All I need is enough money to live somewhat comfortably on. I just don't want to live paycheck to paycheck. :)
Of course I will need to do more research and decide what I can and cannot do. Thank you for your feedback, there are a lot of things to consider.

Yep, I know what a PA is, I've worked with them before.

My point was that I don't know whether they even exist in Japan or not. I suspect not.

Even if they do you would (at minimum) need to pass the licensing tests in Japanese.

Do you have Japanese at JLPT N1 plus a significant amount of medical terminology?

Even if you could do that it would probably be much more like acting as an LPN in the US as far as the responsibilities you might be given. I suspect that they will not hire you as a nurse unless you have a degree which specifically states nursing, regardless of whether your knowledge base is the same or you pass the tests. I know, I know, PAs are vastly over qualified to be an LPN, but Japan (appropriately, in my opinion) expects people to cross their t's and dot their i's and be able to check all of the appropriate boxes.

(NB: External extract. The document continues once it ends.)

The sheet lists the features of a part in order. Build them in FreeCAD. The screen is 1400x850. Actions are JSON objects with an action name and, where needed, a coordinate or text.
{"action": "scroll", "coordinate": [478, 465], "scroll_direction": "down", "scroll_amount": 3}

The average nursing salary in Japan is about 280K per month (about $2335.00). It's not poverty but hardly comparable to the $7745.00 monthly average US salary for PAs.

On US bases the job would probably be a GS-12, or possibly GS-13, equivalent. Add to that the LQA. It's a solid salary, but you might find that after a couple of years you realize that you really don't get a very authentic Japan experience and you might as well be working in a hospital in the USA. It just depends on what you want.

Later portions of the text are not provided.